Mixed martial arts record
- Total: 30
- Wins: 16
- By knockout: 2
- By submission: 10
- By decision: 4
- Losses: 14
- By knockout: 3
- By submission: 4
- By decision: 7

Other information
- Website: http://www.newtonmma.com
- Mixed martial arts record from Sherdog

= Carlos Newton =

Canadian mixed martial artist

Carlos Newton (born August 17, 1976) is an Anguillia-born Canadian retired mixed martial artist (MMA). He is a former UFC Welterweight Champion (the youngest champion of the division in UFC) and Pride FC Japan MMA Legend. Known as "The Ronin", he competed worldwide in MMA organizations including UFC, Pride FC, IFL, K-1, Shooto and W-1. He is a 3rd Degree Brazilian Jiu-Jitsu Black Belt alongside his coach Terry Riggs under Renzo Gracie, at Warrior MMA in Newmarket, Ontario. Newton is known as a "Submission Master" and has dubbed his personal fighting style — an amalgam of Brazilian Jiu-Jitsu, Judo, Wrestling, Karate, Krav Maga, and Boxing — as "Dragon Ball Jiu-Jitsu" in tribute to Dragon Ball, a Japanese manga and anime franchise. Newton is one of only a few MMA athletes to compete in the UFC and Pride FC at the same time. On May 4, 2001, Newton became the first Canadian UFC Champion when he defeated Pat Miletich at UFC 31.

==Early life==
Carlos Newton was born in Anguilla and moved to Canada at the age of 8. He attended Westview Centennial Secondary School in the early 90s in the Jane and Finch area of Toronto, Ontario. Newton competed in numerous Jiu-Jitsu and BJJ competitions in Canada and across the world, starting under the legendary Tom Sharkey. Notably, the prestigious Abu Dhabi Combat Club in Abu Dhabi, United Arab Emirates, against Rodrigo Gracie of the legendary Gracie family. Newton started his Jiu-Jitsu competing career out of the Samurai Club in Toronto. Shortly after, in 1996, Terry Riggs founded Warrior Mixed Martial Arts in Newmarket, Ontario, which was Canada's first official MMA Academy; Newton followed his long-time training partner and made it his home. Out of Warrior MMA, Newton's career flourished under the coaching of Terry Riggs and Everton McEwan. Newton, a Toronto York University student, did his study on geriatric medicine, having done research at Baycrest Hospital, one of the world leaders in geriatric care.

==Mixed martial arts career==

=== Early career ===
Newton's professional mixed martial arts career began at age of 19 in 1996. His first professional fight took place in April 1996 at the Kahnawake reservation near Montreal, where he faced Jean Rivière, who was at least 75 lbs heavier. After dominating much of the fight, it ended with a submission loss due to sheer exhaustion for Newton, however, the spectacle of the brave smaller fighter launched his career. Newton competed in the world's top mixed martial arts organizations such as Shooto, K-1 and Pride Fighting Championships in Japan, UFC in America and W-1 in Canada.

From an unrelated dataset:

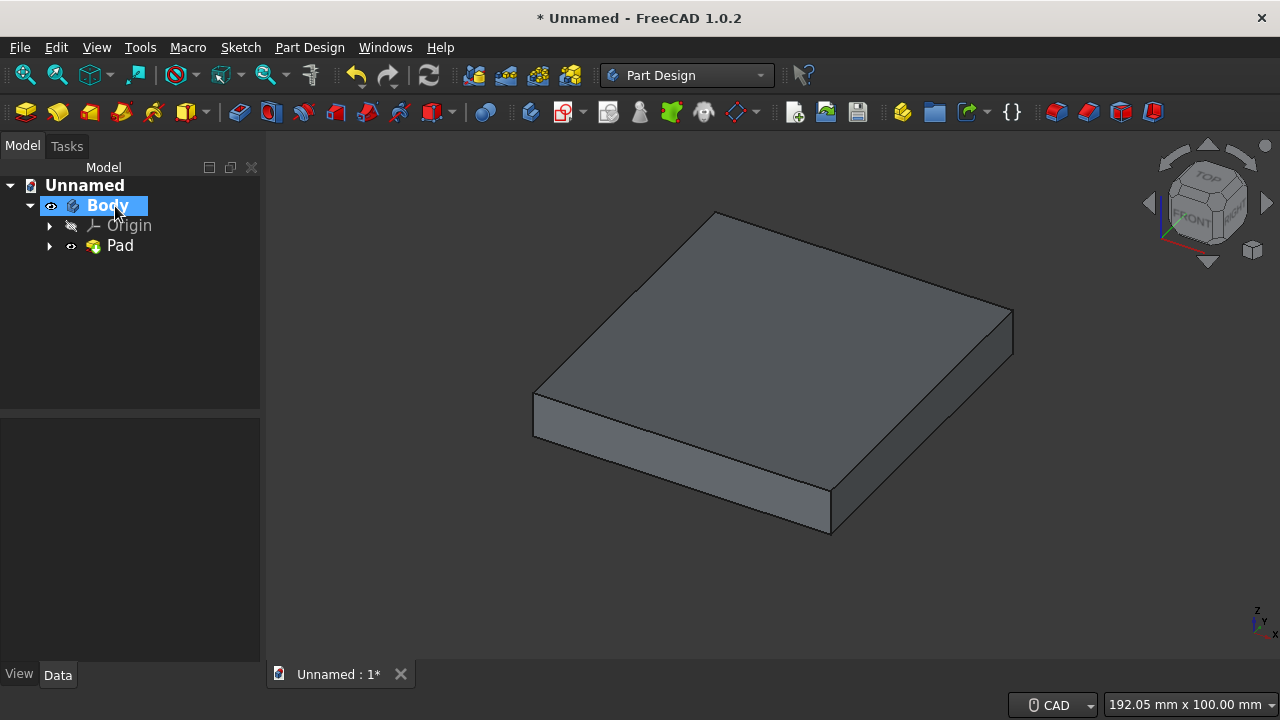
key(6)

===Pride FC and Shooto Japan===
Newton started his Japan fight career with a win over Erik Paulson to become the Vale Tudo Japan World Champion. After a few dominating fights in the Shooto organization, he then moved on to PRIDE FC, considered to be the top MMA show in the world along with the UFC. In June 1998, Newton lost a technical bout in Pride Fighting Championships against Kazushi Sakuraba. The Sakuraba vs. Newton fight is remembered today as a classic and one of the best MMA fights ever for submission grappling fans. This legendary fight propelled both fighters to MMA superstardom. Newton went on in the PRIDE Japan to rack up wins over Daijiro Matsui, Naoki Sano, Johil de Oliveira, all on his way to a spectacular armbar victory over "Pelé" José Landi-Jons at Pride 19 in February 2002. After this win Pride President Naoto Morishita declared, "Newton is considered the unofficial PRIDE middle weight Champion". In October 2003, Newton gained a split-decision victory over Renzo Gracie at Pride Bushido 1.

===Ultimate Fighting Championships===
Newton's fourth and fifth fights marked his UFC debut at UFC 17, defeating Bob Gilstrap and losing a controversial decision to Dan Henderson on the same night for the middle weight tournament title. Newton's greatest professional accomplishment in his career was capturing the UFC Welterweight Championship from Pat Miletich in May 2001 at UFC 31. The reign was short-lived however, as Newton lost his first title defense in November of that same year at UFC 34 against accomplished wrestler Matt Hughes. Newton had a triangle choke locked in on Hughes, but Hughes picked up Newton, walked him to the corner, and attempted to slam him. Newton placed his arm over the side of the cage to prevent the slam, causing John McCarthy to warn him, before Hughes seemed to lose consciousness and fall to the mat while still holding Newton, causing Newton to hit his head and also lose consciousness. With Hughes slow to get up and Newton out cold on the mat, McCarthy would award the victory to Hughes via KO. The ending of the fight proved to be controversial, as many believed that Hughes was unconscious before Newton, who should have been awarded the victory as a result.

===K-1 HEROs===
Newton was set for a comeback fight at K-1's HEROs MMA promotion against Melvin Manhoef at the Ariake Coliseum on August 5, but had to pull out of the fight at the last minute due to a torn ligament in his knee. He made a second attempt at a comeback in K-1 HEROs, this time facing Tokimitsu Ishizawa. Newton made short work of the Japanese fighter, needing only four punches to score the TKO victory in just 22 seconds. He then faced Shungo Oyama at Hero's Korea 2007 where he lost by submission due to punches.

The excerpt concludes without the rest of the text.